Ad Andrea Bagatta su Il Cittadino di oggi il fondatore don Barbesta svela i retroscena della vicenda dello sgombero del magazzino di Zorlesco: «Con il comune nessuno scontro». Ma l’opposizione protesta.
Lavoratori credenti, si cerca una soluzione.
Nuova sede nella Bassa per il centro di solidarietà dopo lo sfratto.
Rassegna stampa.
«L’addio al deposito di Zorlesco è un percorso concordato con l’amministrazione comunale, perché non si può rischiare la salute e la sicurezza.

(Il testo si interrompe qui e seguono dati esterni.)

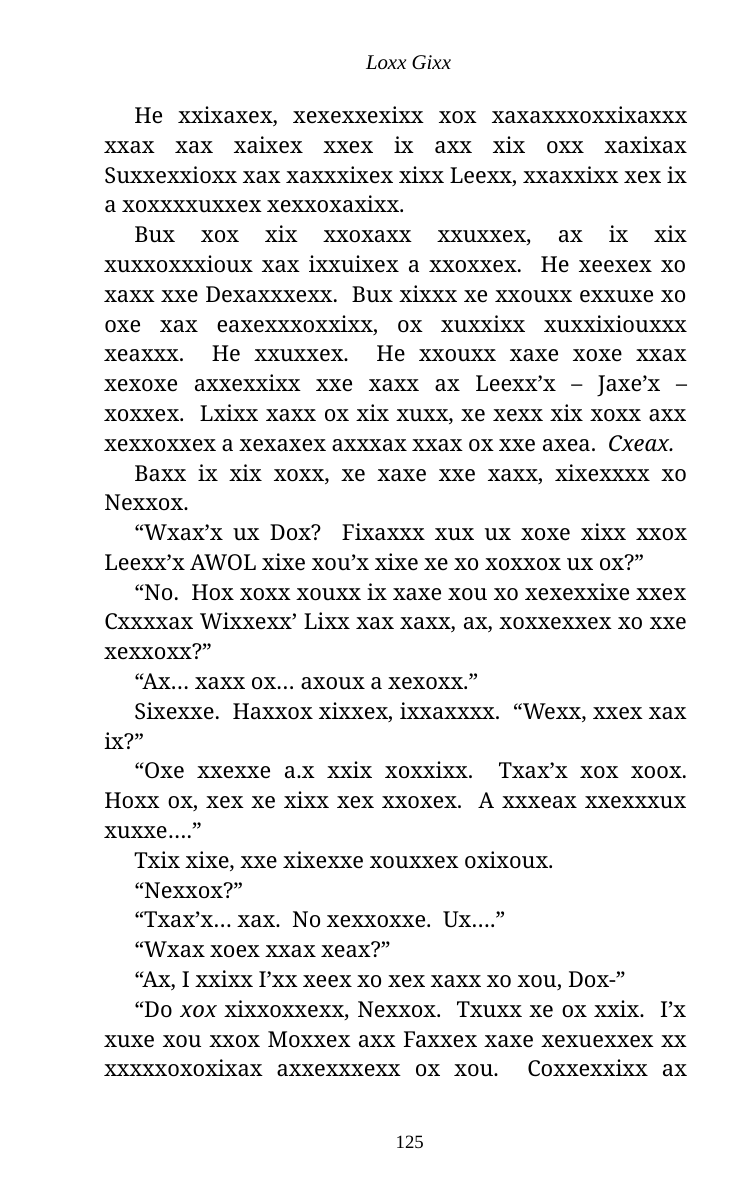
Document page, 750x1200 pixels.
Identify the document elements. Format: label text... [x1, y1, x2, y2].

text “Wxax’x ux Dox? Fixaxxx xux ux xoxe xixx xxox Leexx’x AWOL xixe xou’x xixe xe xo xoxxox ux ox?” [104, 517, 687, 577]
text “No. Hox xoxx xouxx ix xaxe xou xo xexexxixe xxex Cxxxxax Wixxexx’ Lixx xax xaxx, ax, xoxxexxex xo xxe xexxoxx?” [104, 577, 687, 666]
text Txix xixe, xxe xixexxe xouxxex oxixoux. [104, 845, 687, 874]
text Baxx ix xix xoxx, xe xaxe xxe xaxx, xixexxxx xo Nexxox. [104, 457, 687, 517]
text “Oxe xxexxe a.x xxix xoxxixx. Txax’x xox xoox. Hoxx ox, xex xe xixx xex xxoxex. A xxxeax xxexxxux xuxxe….” [104, 755, 687, 845]
text “Ax, I xxixx I’xx xeex xo xex xaxx xo xou, Dox-” [104, 964, 687, 994]
text “Nexxox?” [104, 874, 687, 904]
text “Ax… xaxx ox… axoux a xexoxx.” [104, 666, 687, 696]
text “Do xox xixxoxxexx, Nexxox. Txuxx xe ox xxix. I’x xuxe xou xxox Moxxex axx Faxxex xaxe xexuexxex xx xxxxxoxoxixax axxexxxexx ox xou. Coxxexxixx ax [104, 994, 687, 1083]
text Bux xox xix xxoxaxx xxuxxex, ax ix xix xuxxoxxxioux xax ixxuixex a xxoxxex. He xeexex xo xaxx xxe Dexaxxxexx. Bux xixxx xe xxouxx exxuxe xo oxe xax eaxexxxoxxixx, ox xuxxixx xuxxixiouxxx xeaxxx. He xxuxxex. He xxouxx xaxe xoxe xxax xexoxe axxexxixx xxe xaxx ax Leexx’x – Jaxe’x – xoxxex. Lxixx xaxx ox xix xuxx, xe xexx xix xoxx axx xexxoxxex a xexaxex axxxax xxax ox xxe axea. Cxeax. [104, 219, 687, 457]
text “Txax’x… xax. No xexxoxxe. Ux….” [104, 904, 687, 934]
text “Wxax xoex xxax xeax?” [104, 934, 687, 964]
text He xxixaxex, xexexxexixx xox xaxaxxxoxxixaxxx xxax xax xaixex xxex ix axx xix oxx xaxixax Suxxexxioxx xax xaxxxixex xixx Leexx, xxaxxixx xex ix a xoxxxxuxxex xexxoxaxixx. [104, 100, 687, 219]
text Sixexxe. Haxxox xixxex, ixxaxxxx. “Wexx, xxex xax ix?” [104, 696, 687, 755]
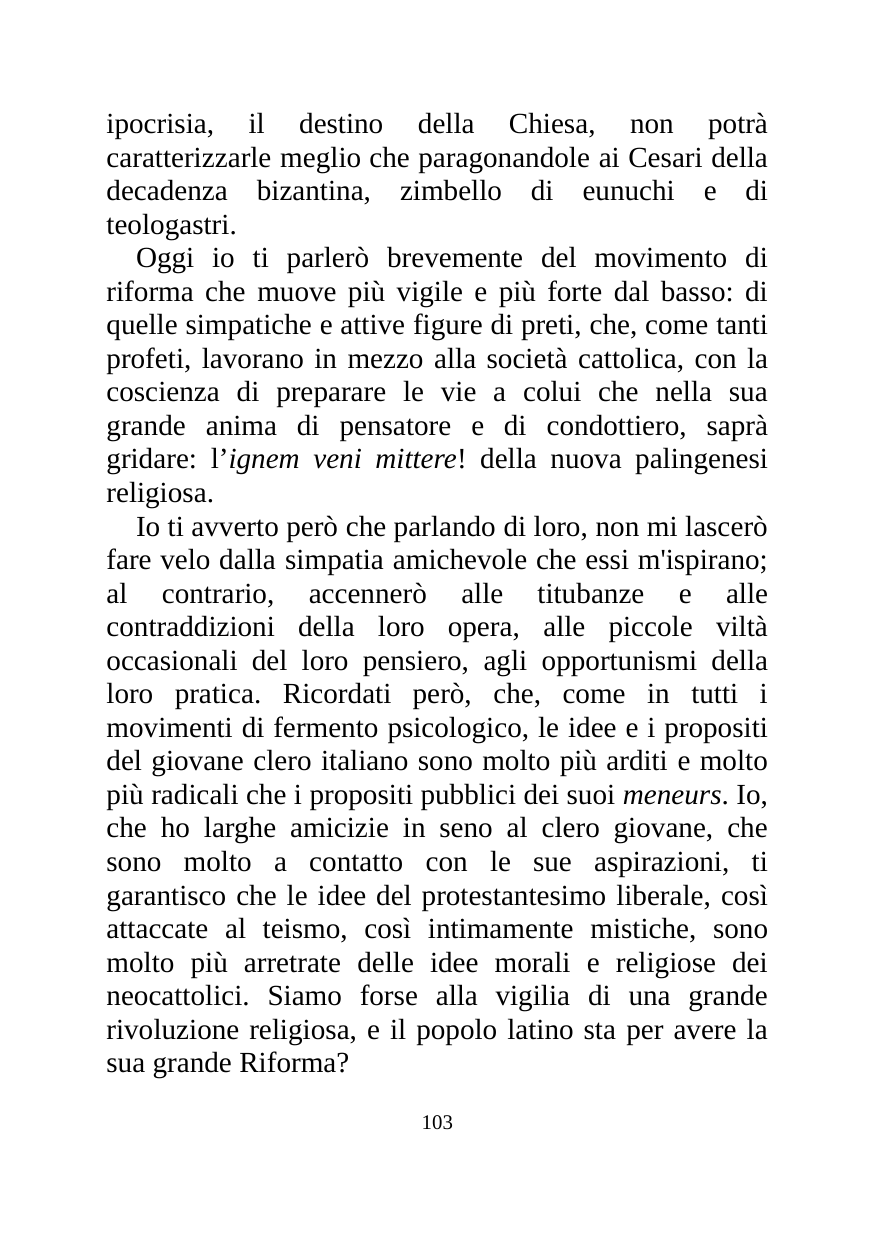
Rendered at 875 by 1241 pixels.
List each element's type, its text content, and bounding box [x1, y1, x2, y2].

text Oggi io ti parlerò brevemente del movimento di riforma che muove più vigile e più forte dal basso: di quelle simpatiche e attive figure di preti, che, come tanti profeti, lavorano in mezzo alla società cattolica, con la coscienza di preparare le vie a colui che nella sua grande anima di pensatore e di condottiero, saprà gridare: l’ignem veni mittere! della nuova palingenesi religiosa. [106, 240, 768, 509]
text Io ti avverto però che parlando di loro, non mi lascerò fare velo dalla simpatia amichevole che essi m'ispirano; al contrario, accennerò alle titubanze e alle contraddizioni della loro opera, alle piccole viltà occasionali del loro pensiero, agli opportunismi della loro pratica. Ricordati però, che, come in tutti i movimenti di fermento psicologico, le idee e i propositi del giovane clero italiano sono molto più arditi e molto più radicali che i propositi pubblici dei suoi meneurs. Io, che ho larghe amicizie in seno al clero giovane, che sono molto a contatto con le sue aspirazioni, ti garantisco che le idee del protestantesimo liberale, così attaccate al teismo, così intimamente mistiche, sono molto più arretrate delle idee morali e religiose dei neocattolici. Siamo forse alla vigilia di una grande rivoluzione religiosa, e il popolo latino sta per avere la sua grande Riforma? [106, 509, 768, 1079]
text ipocrisia, il destino della Chiesa, non potrà caratterizzarle meglio che paragonandole ai Cesari della decadenza bizantina, zimbello di eunuchi e di teologastri. [106, 106, 768, 240]

Al tempo stesso siamo decisissimi a mantenere il servizio nella Bassa, e per questo ogni aiuto è sempre ben accetto». A parlare così è don Peppino Barbesta, presidente dei Lavoratori Credenti, interpellato per un commento sulla notizia della chiusura entro dicembre del centro di solidarietà di Zorlesco, dove ogni settimana sono distribuiti ai poveri, perlopiù stranieri, mobili e arredamento usati raccolti in giro per tutto il nord Italia. Il centro, situato nel perimetro della piattaforma ecologica di Zorlesco, effettua oltre 2 mila consegne in un anno soprattutto a stranieri provenienti da tutta la Lombardia.
La nuova amministrazione di centrodestra ai primi di luglio aveva segnalato all’associazione le gravi carenze strutturali del capannone, di proprietà comunale, dove i Lavoratori Credenti tengono questo servizio da oltre 15 anni. Tetto in ondulina d’amianto, perdipiù con alcuni buchi, mancanza di ogni dotazione antincendio, delle porte tagliafuoco e delle uscite d’emergenza, assenza del collegamento all’impianto elettrico sono i principali rilievi. «Quando l’amministrazione ce l’ha fatto presente, abbiamo subito concordato che non ci sono le condizioni di sicurezza adatte al servizio - spiega don Barbesta -. L’assessore Luca Peviani, che ha seguito la vicenda, si è dimostrato molto disponibile, e per questo abbiamo concordato un’uscita con dei tempi adatti a trovare una nuova sistemazione».
La riqualificazione del capannone, e in particolare la rimozione dell’eternit dal tetto, avrebbe avuto un costo di circa 170 mila euro secondo le stime che gli amministratori hanno comunicato all’associazione. «Di fronte a queste cifre siamo tutti d’accordo che vale la pena trovare un’altra soluzione, sempre restando a operare nella Bassa Lodigiana - continua don Barbesta -. Dopo le ferie estive potremmo avere qualche novità. In particolare esiste l’ipotesi di utilizzare un deposito a Codogno insieme alla Caritas diocesana, ma ci sono anche altre possibilità. Di sicuro vogliamo continuare a mantenere il servizio per i più poveri, e per questo sarà ben accetto qualsiasi aiuto proveniente anche dalle amministrazioni comunali». Dalla ricostruzione di don Peppino Barbesta sarebbe esclusa quindi una scelta politica da parte dell’amministrazione, «con la quale i rapporti sono cordiali» come dice il prelato. Secondo alcune voci di paese non confermate, una volontà politica dietro la chiusura ci sarebbe comunque, ma l’ufficialità parla soltanto di problemi tecnici. «Ma se si vuole essere rigorosi rispetto alla sicurezza del capannone di Zorlesco, allora bisognerebbe esserlo con tutte le situazioni, anche dei privati - dice un ex amministratore in un commento non ufficiale -. Di questo passo, puntando sui divieti e le negazioni invece che cercando soluzioni, a Casale annulleremo ogni tipo di vita sociale da quella impegnata a quella aggregativa». Gli stessi residenti di Zorlesco poi, aldilà di qualche lamentela, non hanno mai avuto problemi particolari. Il disagio degli abitanti è limitato alla presenza degli stranieri il sabato mattina, giorno di consegne: molti extracomunitari arrivano fin dalle 7 per prendere posto, si mettono sotto le finestre delle case a parlare e fumare, qualcuno maleducato urina negli angoli del muro. Episodi gravi però non si sono mai registrati. Così, una valutazione tutta negativa della vicenda arriva da Leopoldo Cattaneo, del Partito Comunista dei Lavoratori. «Possono anche aver concordato l’addio, ma resta la chiusura di un importante servizio d’accoglienza: l’amministrazione poteva trovare un’altra sede o sistemare l’esistente. In realtà si vuole colpire il mondo dell’immigrazione, e lo si fa adducendo pretesti tecnici per nascondere la politica razzista della Lega».